Your work history and career performance can significantly impact your future earnings. High career performance usually correlates with higher earnings potential. If you worked well in your previous career, you would be more likely to receive raises, bonuses, and promotions, with possible higher wages in the future. If you had been in your position for a long period, had gaps between jobs, or had many past jobs, then you would likely have had a lower forecast for future earnings or be on a plateau with your income.

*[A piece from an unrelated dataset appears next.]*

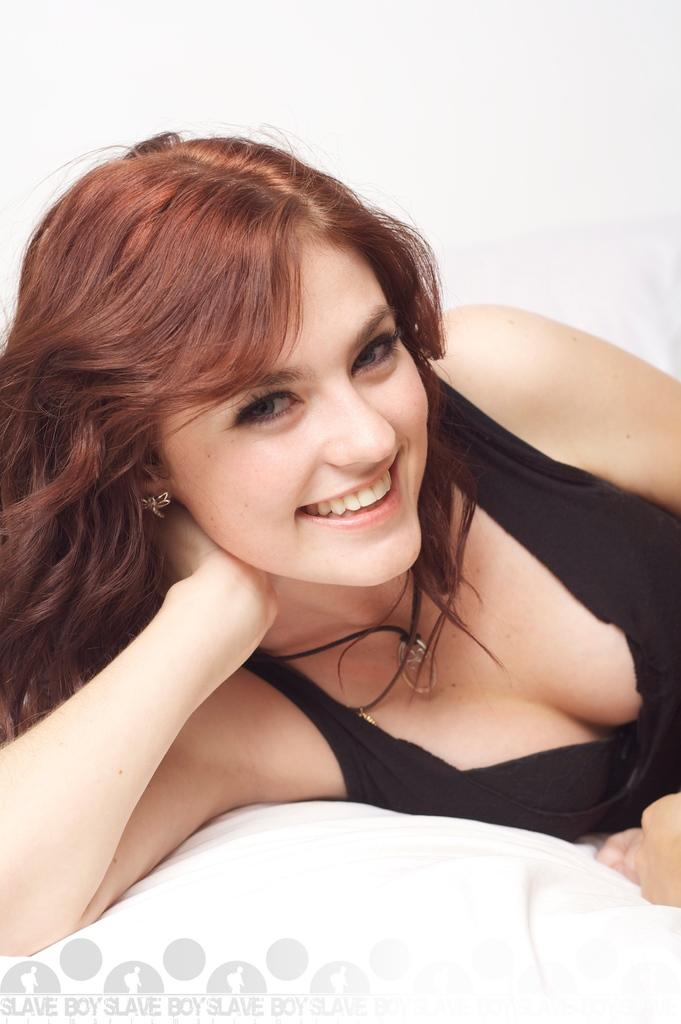What is the main subject of the image? The main subject of the image is a lady person. What is the lady person wearing in the image? The lady person is wearing a black dress. What is the lady person's position in the image? The lady person is lying on a bed. What type of chain can be seen hanging from the ceiling above the lady person in the image? There is no chain present in the image. What type of meat is being prepared on the bed next to the lady person in the image? There is no meat or any food preparation visible in the image. What type of whip is being used on the lady person in the image? There is no whip or any indication of physical punishment in the image. 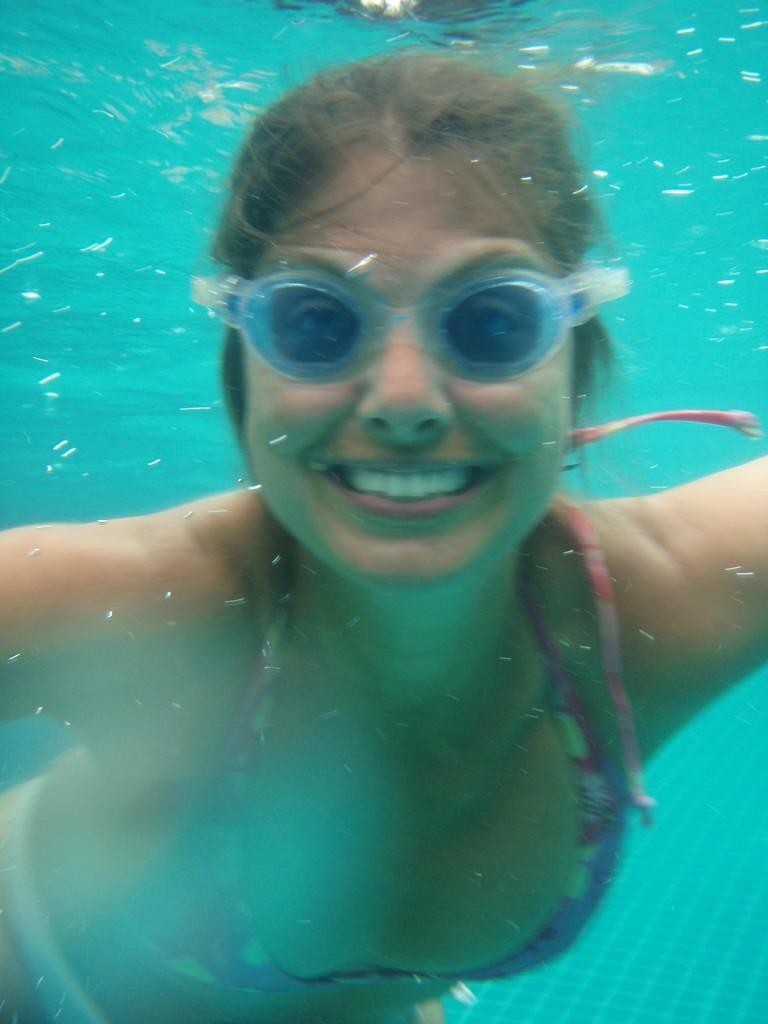Can you describe this image briefly? In this picture I can see a woman in the water and I see that she is smiling. I can also see that she is wearing swimming goggles.

Education, Skills, Licenses, Certifications

Education, certifications, and licenses all play a role in both the type of career that you are in and your growth potential in that career. Your skills and abilities also play a major role. The more skilled and able you are in your role, the more likely you are to have a successful career and higher growth opportunities.


If you are young and at the beginning of a career, your earnings may have been relatively lower, but the growth opportunities would be greater. If you were nearing the end of a career, then many of the growth opportunities would likely have already taken place, and so your current earnings are more likely to remain steady. These would have to be factored into any calculations for lost earning potential.

How to Recover Lost Earning Capacity

Having a personal injury lawyer is essential for a loss of earning capacity claim. To recover lost earning capacity, you will need to make a claim, either by bringing a lawsuit or by negotiating a settlement with the person who caused your injuries. Your lawyer can represent you in court or negotiate a settlement for a car accident, or any other type of accident caused by another person.

Your lawyer will also help you gather evidence to prove your case. To have a successful claim, you will have to prove that:

  • You have an injury, disability, or impairment that is long-term and will last well beyond the time of settlement or trial.
  • This injury, disability, or impairment was caused by another party who was at fault.
  • The injury, disability, or impairment will reduce the amount of money that you are able to earn going forward.

To prove this, you can call a number of experts to give evidence. An economist can provide information on the typical career, salary trends, and lifetime earnings of someone in your situation. A vocational expert can explain your physical condition and the limitations that this places on your career. He or she can explain what treatment you will need to re-enter the workforce, and what careers you are likely to be able to have considering your limitations. Medical professionals can testify on the impact of your injuries and how they affect your functioning and long-term prognosis. Your employer can testify about your job performance, wages, raises, and promotions that you would likely have received.